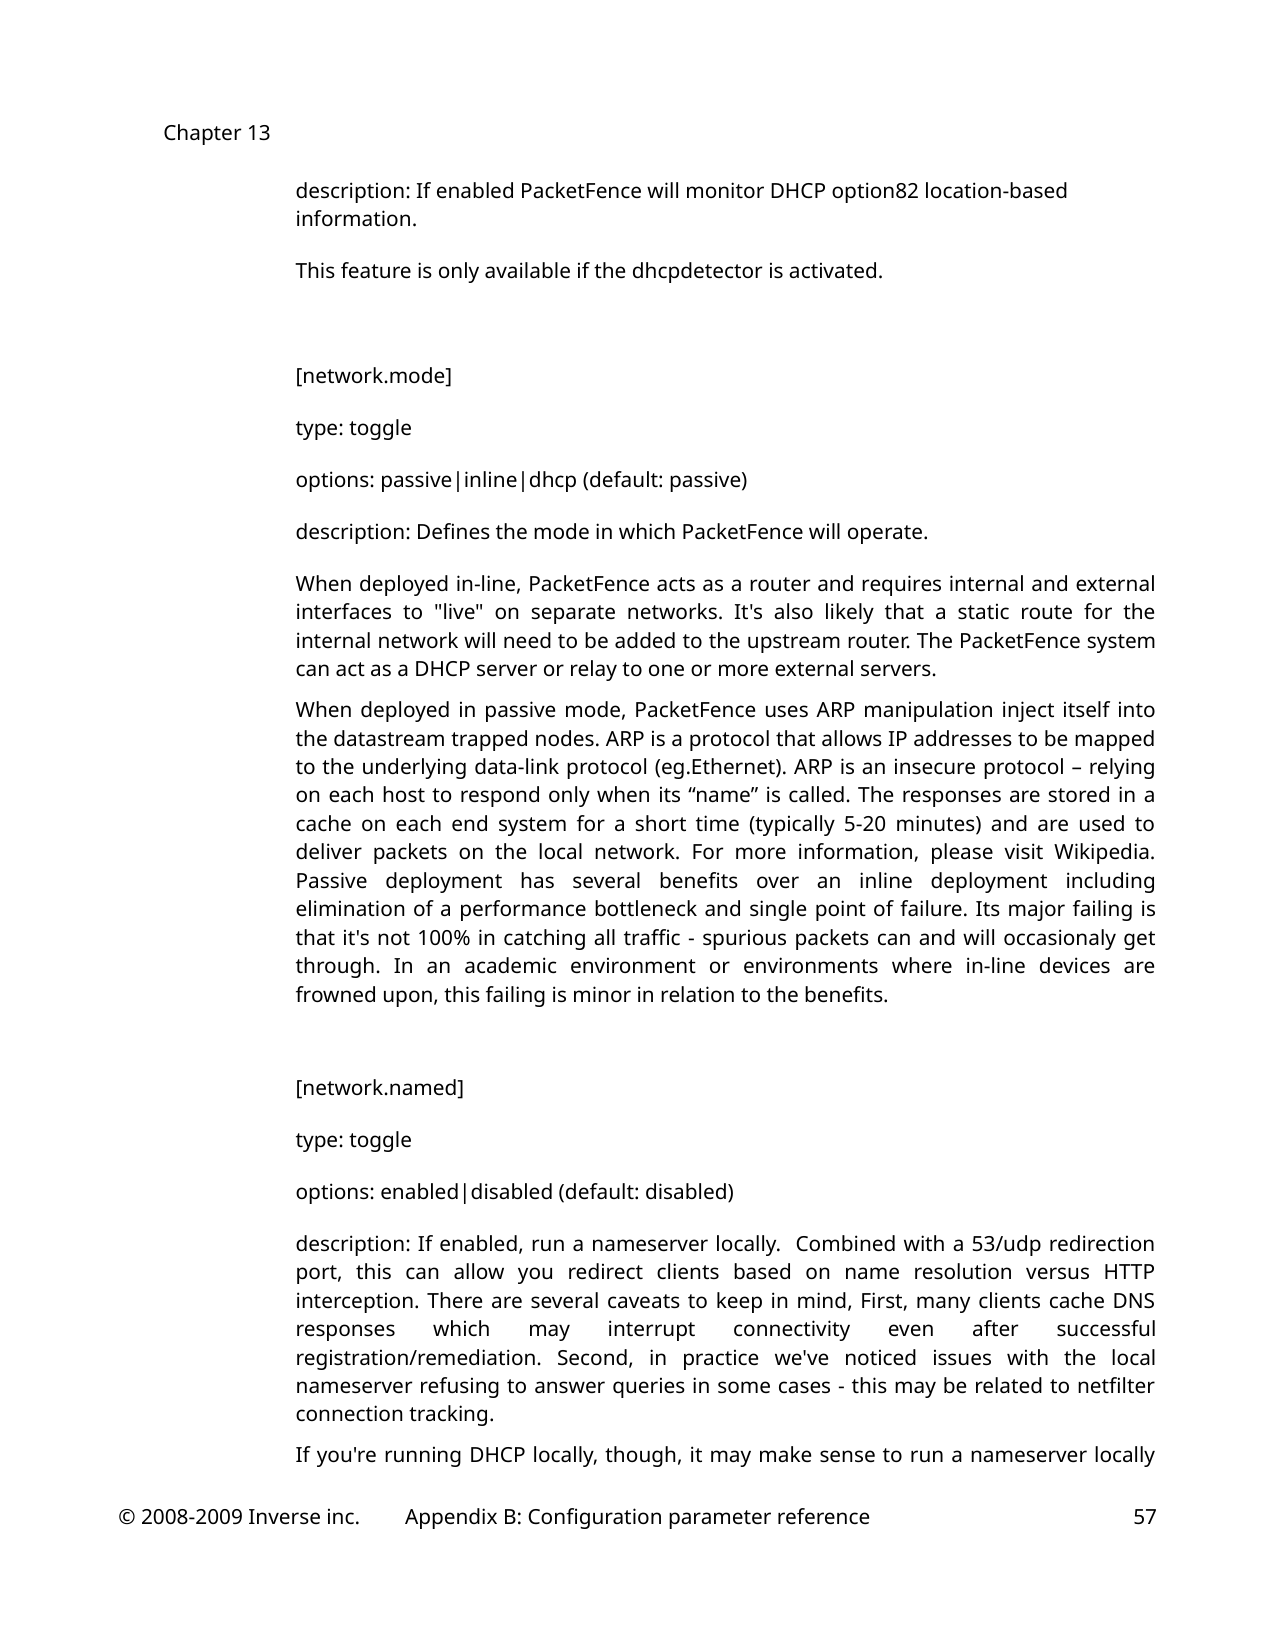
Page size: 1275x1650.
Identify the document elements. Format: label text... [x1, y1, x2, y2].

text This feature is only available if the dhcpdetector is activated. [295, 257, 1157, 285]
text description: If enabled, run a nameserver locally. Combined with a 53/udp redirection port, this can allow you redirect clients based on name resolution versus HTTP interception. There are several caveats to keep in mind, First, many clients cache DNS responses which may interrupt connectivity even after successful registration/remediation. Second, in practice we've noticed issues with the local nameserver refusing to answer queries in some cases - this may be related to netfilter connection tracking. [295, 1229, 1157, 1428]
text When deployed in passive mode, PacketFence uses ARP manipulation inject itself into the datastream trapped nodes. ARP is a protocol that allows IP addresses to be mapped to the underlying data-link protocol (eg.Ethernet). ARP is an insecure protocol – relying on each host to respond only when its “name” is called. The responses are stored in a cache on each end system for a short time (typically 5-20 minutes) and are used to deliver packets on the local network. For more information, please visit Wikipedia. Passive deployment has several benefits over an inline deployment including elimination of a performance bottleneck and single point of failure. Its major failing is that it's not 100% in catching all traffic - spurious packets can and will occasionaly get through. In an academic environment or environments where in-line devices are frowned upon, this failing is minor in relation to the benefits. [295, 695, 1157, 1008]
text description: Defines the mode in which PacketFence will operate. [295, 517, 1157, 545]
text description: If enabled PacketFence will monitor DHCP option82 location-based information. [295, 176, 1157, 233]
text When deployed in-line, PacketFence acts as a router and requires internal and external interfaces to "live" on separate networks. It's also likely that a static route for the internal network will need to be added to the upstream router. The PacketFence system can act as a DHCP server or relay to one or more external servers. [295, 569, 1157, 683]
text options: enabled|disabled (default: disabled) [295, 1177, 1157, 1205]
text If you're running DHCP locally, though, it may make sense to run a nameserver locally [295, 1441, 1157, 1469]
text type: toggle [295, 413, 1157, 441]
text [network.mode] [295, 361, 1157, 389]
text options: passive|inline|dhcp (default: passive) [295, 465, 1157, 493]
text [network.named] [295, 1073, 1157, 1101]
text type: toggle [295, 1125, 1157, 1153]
========
■ Try it
Could you repeat exactly the lines from the first one of the records above through the line containing "text This feature", leaving out any pictures?

■ Task output
Page size: 1275x1650.
Identify the document elements. Format: label text... [x1, y1, x2, y2].

text This feature is only available if the dhcpdetector is activated. [295, 257, 1157, 285]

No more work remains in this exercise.